▶ Assignment
Nothing but the lines from the one that contains "Answer yes or no. No. Does Rosy" through the end of the data should be reproduced, and each must match exactly.

[Records shown Boundary: Start]

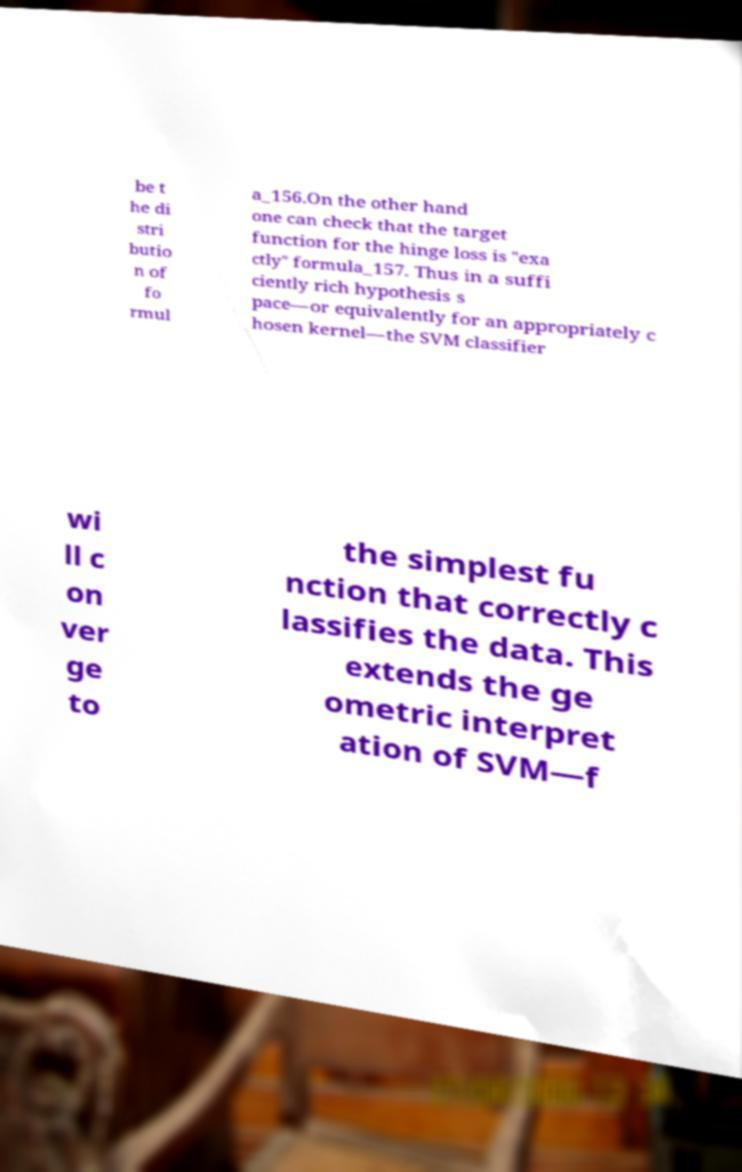What messages or text are displayed in this image? I need them in a readable, typed format. be t he di stri butio n of fo rmul a_156.On the other hand one can check that the target function for the hinge loss is "exa ctly" formula_157. Thus in a suffi ciently rich hypothesis s pace—or equivalently for an appropriately c hosen kernel—the SVM classifier wi ll c on ver ge to the simplest fu nction that correctly c lassifies the data. This extends the ge ometric interpret ation of SVM—f 
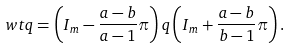<formula> <loc_0><loc_0><loc_500><loc_500>\ w t q = \left ( I _ { m } - \frac { a - b } { a - 1 } \pi \right ) q \left ( I _ { m } + \frac { a - b } { b - 1 } \pi \right ) .</formula> 
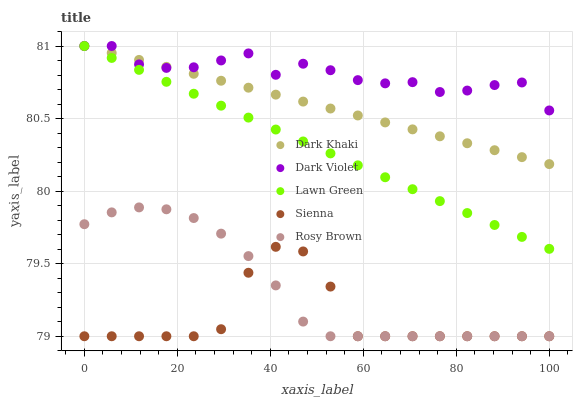Does Sienna have the minimum area under the curve?
Answer yes or no. Yes. Does Dark Violet have the maximum area under the curve?
Answer yes or no. Yes. Does Lawn Green have the minimum area under the curve?
Answer yes or no. No. Does Lawn Green have the maximum area under the curve?
Answer yes or no. No. Is Lawn Green the smoothest?
Answer yes or no. Yes. Is Sienna the roughest?
Answer yes or no. Yes. Is Rosy Brown the smoothest?
Answer yes or no. No. Is Rosy Brown the roughest?
Answer yes or no. No. Does Rosy Brown have the lowest value?
Answer yes or no. Yes. Does Lawn Green have the lowest value?
Answer yes or no. No. Does Dark Violet have the highest value?
Answer yes or no. Yes. Does Rosy Brown have the highest value?
Answer yes or no. No. Is Sienna less than Dark Khaki?
Answer yes or no. Yes. Is Dark Violet greater than Sienna?
Answer yes or no. Yes. Does Dark Violet intersect Dark Khaki?
Answer yes or no. Yes. Is Dark Violet less than Dark Khaki?
Answer yes or no. No. Is Dark Violet greater than Dark Khaki?
Answer yes or no. No. Does Sienna intersect Dark Khaki?
Answer yes or no. No.

[Records shown Boundary: End]

▶ Exercise output
Answer yes or no. No. Does Rosy Brown have the lowest value?
Answer yes or no. Yes. Does Lawn Green have the lowest value?
Answer yes or no. No. Does Dark Violet have the highest value?
Answer yes or no. Yes. Does Rosy Brown have the highest value?
Answer yes or no. No. Is Sienna less than Dark Khaki?
Answer yes or no. Yes. Is Dark Violet greater than Sienna?
Answer yes or no. Yes. Does Dark Violet intersect Dark Khaki?
Answer yes or no. Yes. Is Dark Violet less than Dark Khaki?
Answer yes or no. No. Is Dark Violet greater than Dark Khaki?
Answer yes or no. No. Does Sienna intersect Dark Khaki?
Answer yes or no. No.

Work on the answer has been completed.